_Task statement_
Answer with a number only, stating how many lines of the records hold the word "centre".

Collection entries
▶

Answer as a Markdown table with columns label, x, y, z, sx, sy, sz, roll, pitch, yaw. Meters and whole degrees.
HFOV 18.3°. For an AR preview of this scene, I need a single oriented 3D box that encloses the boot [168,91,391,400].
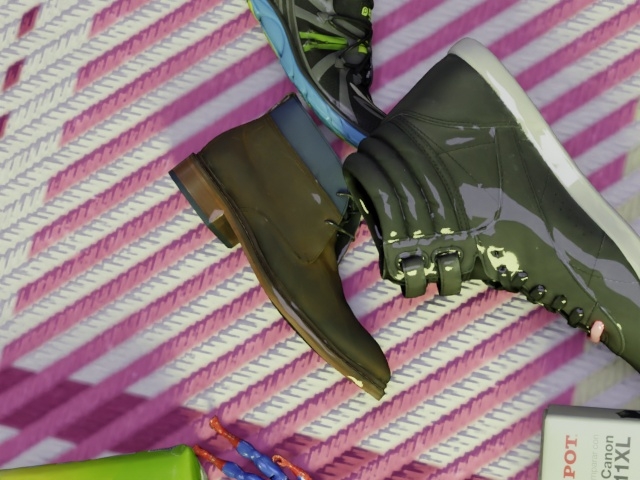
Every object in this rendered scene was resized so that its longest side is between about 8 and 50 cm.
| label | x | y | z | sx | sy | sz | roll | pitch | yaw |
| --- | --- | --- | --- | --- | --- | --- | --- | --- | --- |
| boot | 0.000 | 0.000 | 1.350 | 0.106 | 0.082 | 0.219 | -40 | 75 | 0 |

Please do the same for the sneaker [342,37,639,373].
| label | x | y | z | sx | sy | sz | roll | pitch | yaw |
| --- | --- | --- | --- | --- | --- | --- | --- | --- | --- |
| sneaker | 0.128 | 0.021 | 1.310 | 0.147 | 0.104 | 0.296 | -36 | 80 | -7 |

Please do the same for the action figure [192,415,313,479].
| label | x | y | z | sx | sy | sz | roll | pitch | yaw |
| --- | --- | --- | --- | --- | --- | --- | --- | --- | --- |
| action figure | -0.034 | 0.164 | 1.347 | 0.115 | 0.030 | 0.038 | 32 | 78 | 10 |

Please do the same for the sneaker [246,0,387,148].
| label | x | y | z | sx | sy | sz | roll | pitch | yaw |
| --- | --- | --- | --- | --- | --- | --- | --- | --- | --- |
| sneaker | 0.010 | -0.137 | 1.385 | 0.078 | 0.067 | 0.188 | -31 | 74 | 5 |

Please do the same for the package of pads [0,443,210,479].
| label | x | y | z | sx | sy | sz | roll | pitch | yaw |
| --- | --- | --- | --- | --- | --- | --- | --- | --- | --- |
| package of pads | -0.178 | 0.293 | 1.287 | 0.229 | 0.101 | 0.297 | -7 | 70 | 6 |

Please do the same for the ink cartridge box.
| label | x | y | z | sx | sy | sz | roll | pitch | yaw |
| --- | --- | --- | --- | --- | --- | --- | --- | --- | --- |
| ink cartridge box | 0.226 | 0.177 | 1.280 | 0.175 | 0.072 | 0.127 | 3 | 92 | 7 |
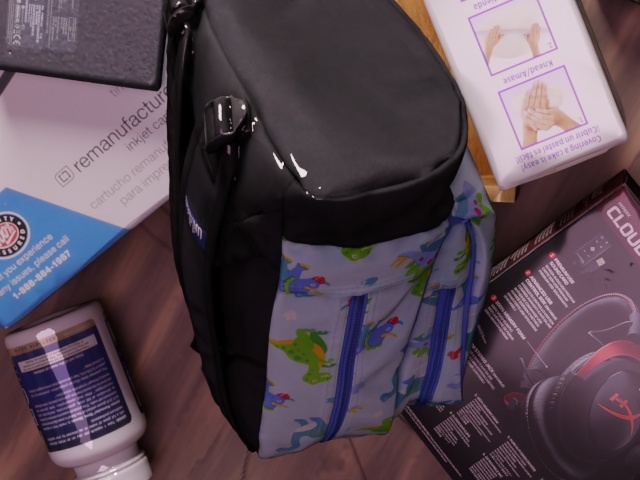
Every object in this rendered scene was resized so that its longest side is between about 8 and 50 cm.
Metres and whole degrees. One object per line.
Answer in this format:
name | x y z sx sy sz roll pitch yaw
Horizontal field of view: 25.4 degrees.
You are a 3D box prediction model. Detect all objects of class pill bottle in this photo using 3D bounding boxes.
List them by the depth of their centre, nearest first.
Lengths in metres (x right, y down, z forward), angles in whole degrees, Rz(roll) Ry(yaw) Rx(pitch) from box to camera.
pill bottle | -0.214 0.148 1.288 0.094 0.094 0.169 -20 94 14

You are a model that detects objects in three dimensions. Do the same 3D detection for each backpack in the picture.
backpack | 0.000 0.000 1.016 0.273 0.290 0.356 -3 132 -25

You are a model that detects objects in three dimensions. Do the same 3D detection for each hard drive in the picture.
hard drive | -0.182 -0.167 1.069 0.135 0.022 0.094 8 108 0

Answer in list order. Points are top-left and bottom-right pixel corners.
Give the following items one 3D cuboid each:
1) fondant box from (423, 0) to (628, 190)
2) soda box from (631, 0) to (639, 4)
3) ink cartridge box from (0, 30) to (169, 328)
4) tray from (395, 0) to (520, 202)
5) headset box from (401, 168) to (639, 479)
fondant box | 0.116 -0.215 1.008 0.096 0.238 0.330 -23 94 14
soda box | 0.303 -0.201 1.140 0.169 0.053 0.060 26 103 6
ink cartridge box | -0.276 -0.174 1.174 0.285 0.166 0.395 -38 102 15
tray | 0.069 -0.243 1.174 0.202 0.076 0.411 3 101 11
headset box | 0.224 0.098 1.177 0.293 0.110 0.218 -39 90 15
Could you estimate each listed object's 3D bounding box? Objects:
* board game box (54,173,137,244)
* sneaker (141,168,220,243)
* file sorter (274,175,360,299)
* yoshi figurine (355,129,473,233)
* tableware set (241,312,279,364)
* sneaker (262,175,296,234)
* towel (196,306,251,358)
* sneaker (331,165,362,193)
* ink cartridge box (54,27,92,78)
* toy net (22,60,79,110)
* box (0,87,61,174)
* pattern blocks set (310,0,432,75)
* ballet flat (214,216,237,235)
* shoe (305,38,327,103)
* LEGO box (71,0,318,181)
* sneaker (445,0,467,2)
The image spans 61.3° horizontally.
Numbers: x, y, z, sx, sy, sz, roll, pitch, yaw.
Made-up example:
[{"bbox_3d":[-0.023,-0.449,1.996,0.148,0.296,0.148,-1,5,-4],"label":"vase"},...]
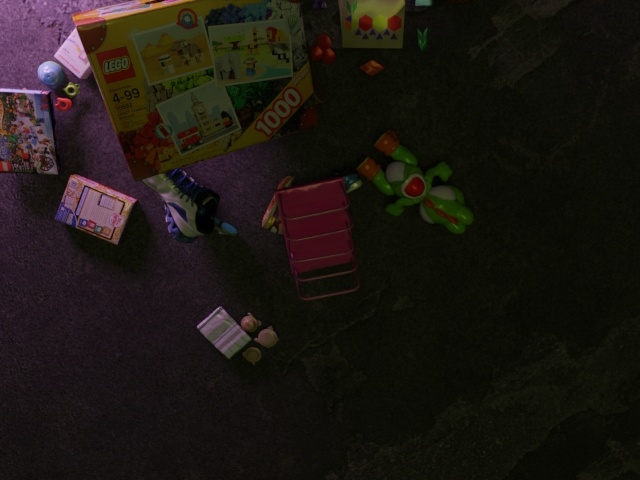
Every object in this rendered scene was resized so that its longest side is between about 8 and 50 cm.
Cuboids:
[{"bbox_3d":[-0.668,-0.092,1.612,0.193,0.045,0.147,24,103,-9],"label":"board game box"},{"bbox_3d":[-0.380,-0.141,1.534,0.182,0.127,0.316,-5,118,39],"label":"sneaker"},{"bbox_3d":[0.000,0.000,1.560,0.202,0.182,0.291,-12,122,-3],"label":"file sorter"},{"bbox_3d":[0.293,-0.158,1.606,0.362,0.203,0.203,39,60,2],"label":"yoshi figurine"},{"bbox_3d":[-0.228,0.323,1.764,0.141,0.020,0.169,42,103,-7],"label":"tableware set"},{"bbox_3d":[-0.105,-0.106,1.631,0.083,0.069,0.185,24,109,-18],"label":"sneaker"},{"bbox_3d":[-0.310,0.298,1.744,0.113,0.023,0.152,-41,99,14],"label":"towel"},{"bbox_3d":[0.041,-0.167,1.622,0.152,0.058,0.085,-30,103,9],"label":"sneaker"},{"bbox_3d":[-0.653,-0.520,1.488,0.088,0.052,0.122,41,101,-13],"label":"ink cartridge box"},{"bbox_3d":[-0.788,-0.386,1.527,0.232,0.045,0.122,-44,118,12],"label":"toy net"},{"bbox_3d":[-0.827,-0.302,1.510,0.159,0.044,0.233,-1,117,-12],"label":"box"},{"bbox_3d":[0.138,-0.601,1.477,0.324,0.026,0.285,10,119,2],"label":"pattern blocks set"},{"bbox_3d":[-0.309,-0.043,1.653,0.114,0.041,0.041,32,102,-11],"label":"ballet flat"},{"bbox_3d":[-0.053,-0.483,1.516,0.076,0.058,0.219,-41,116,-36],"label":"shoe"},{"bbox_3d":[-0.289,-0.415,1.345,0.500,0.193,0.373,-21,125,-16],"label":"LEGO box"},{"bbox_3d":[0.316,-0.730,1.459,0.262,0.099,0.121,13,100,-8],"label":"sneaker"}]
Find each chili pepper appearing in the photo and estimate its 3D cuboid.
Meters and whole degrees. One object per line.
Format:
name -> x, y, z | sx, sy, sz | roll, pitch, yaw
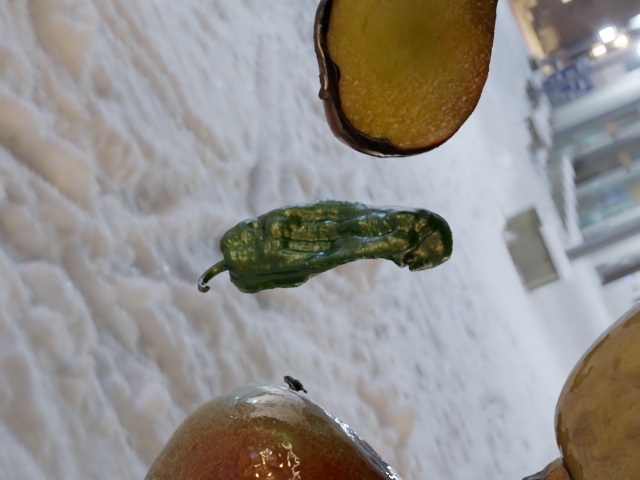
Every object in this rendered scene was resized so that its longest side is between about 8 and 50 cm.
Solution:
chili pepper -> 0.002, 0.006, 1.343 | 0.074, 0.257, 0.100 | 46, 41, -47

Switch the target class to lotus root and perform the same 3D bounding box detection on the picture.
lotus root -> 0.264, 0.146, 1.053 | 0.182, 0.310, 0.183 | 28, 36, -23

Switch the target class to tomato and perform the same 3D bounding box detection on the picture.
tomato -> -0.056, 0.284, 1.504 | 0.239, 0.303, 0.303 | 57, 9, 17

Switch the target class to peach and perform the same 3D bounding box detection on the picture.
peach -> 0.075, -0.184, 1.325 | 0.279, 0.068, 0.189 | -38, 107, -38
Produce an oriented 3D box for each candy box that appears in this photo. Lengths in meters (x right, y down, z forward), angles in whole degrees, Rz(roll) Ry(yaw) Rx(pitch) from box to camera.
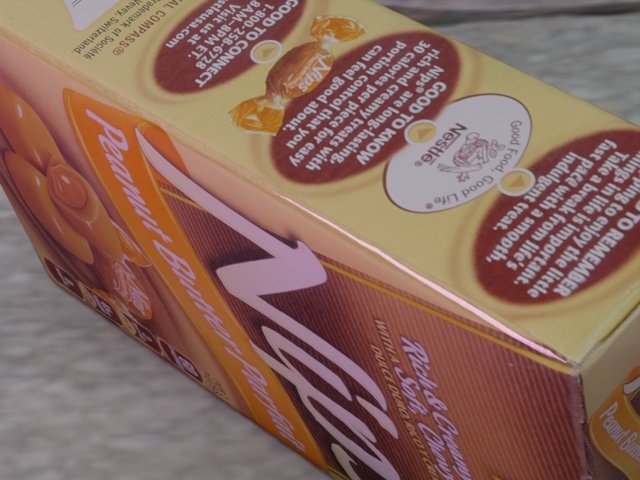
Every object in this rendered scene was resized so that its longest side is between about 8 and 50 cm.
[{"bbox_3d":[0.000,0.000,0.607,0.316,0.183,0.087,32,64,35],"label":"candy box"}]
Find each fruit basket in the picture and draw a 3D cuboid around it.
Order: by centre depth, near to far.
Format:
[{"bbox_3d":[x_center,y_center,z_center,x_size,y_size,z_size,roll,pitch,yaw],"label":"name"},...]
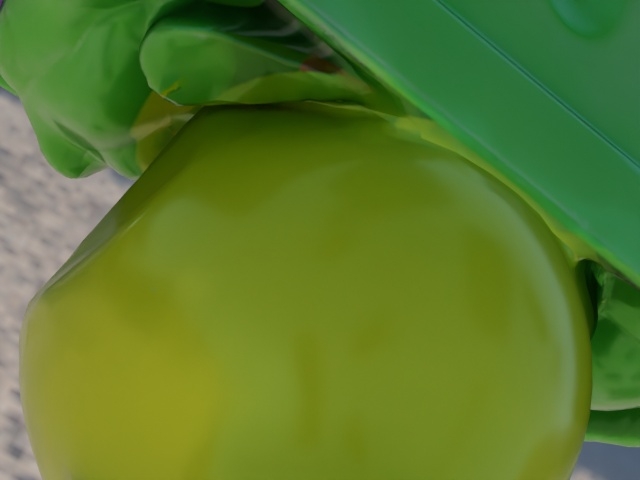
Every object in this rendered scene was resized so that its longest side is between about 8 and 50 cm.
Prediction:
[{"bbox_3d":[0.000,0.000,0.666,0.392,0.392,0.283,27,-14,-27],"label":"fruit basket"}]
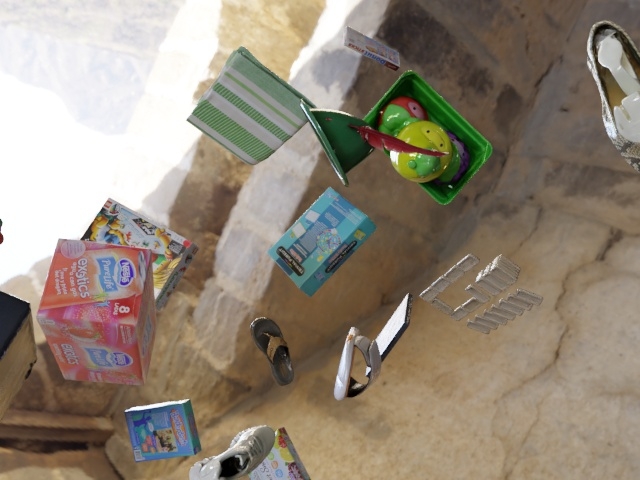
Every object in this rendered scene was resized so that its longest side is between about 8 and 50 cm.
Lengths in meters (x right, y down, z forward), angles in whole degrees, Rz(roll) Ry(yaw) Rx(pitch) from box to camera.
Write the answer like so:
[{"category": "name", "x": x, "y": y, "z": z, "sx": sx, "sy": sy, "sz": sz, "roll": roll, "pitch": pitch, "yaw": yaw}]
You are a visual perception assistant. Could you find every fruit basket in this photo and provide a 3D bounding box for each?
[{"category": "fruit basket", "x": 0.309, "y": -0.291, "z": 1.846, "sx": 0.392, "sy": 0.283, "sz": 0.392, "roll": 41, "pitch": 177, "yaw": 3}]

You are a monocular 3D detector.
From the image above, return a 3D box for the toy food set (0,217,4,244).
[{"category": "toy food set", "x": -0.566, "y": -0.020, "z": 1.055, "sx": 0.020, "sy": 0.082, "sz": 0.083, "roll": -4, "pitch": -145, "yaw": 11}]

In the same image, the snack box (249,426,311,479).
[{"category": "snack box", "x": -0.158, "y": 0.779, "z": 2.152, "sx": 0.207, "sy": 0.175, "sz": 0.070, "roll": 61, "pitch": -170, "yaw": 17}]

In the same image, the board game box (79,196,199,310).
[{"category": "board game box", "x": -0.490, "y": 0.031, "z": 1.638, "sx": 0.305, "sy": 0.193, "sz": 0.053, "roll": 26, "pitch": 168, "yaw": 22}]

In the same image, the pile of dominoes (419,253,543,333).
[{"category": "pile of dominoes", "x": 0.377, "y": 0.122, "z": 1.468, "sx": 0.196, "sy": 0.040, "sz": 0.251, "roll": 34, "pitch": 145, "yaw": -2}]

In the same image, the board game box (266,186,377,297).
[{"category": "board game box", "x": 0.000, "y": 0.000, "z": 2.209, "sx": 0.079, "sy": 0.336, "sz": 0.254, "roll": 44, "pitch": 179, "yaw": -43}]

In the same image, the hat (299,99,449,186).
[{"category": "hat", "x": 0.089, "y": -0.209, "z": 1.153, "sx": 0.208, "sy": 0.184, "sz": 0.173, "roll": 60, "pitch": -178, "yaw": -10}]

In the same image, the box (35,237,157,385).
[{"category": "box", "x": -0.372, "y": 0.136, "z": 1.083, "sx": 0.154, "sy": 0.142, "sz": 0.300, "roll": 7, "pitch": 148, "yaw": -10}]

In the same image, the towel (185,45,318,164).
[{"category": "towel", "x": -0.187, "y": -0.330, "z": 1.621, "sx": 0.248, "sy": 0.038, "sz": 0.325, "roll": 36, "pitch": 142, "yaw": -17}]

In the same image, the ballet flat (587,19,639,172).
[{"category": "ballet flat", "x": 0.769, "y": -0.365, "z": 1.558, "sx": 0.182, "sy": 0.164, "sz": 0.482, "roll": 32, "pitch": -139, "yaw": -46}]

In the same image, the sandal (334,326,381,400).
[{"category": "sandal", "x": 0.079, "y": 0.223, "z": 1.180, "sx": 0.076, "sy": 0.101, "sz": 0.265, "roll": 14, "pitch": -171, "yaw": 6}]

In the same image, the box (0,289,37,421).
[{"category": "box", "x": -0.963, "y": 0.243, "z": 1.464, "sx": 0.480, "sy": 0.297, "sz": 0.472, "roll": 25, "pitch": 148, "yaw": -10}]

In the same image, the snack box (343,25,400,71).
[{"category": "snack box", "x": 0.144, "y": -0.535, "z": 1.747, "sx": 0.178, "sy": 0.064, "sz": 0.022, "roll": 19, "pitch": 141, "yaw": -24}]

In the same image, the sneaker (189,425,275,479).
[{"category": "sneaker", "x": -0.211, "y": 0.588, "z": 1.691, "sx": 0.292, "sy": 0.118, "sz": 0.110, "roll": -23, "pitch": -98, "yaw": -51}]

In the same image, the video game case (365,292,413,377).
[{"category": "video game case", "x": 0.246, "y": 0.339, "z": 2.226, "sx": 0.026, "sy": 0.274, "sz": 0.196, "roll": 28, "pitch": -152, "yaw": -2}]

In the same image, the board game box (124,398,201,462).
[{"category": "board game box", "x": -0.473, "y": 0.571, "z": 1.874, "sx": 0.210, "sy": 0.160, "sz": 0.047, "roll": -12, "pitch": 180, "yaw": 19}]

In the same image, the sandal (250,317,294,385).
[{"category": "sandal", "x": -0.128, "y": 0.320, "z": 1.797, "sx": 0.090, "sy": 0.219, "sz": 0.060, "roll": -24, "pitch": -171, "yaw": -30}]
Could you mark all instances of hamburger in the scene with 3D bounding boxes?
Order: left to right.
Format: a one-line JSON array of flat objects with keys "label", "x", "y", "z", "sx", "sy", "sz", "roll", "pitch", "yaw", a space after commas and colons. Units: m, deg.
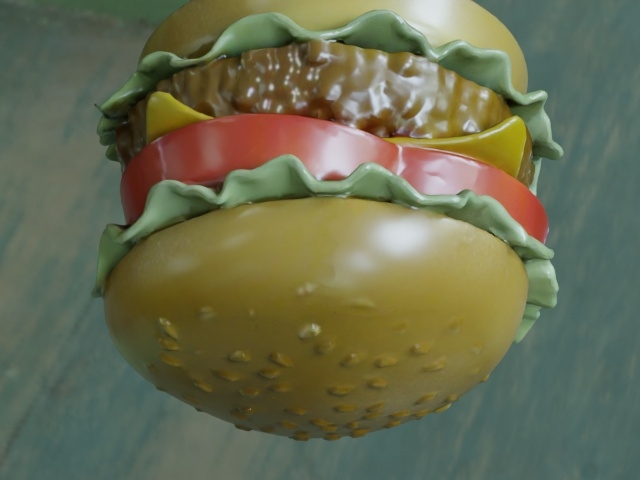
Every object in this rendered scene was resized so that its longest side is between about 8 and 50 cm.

◀

_Response area_
2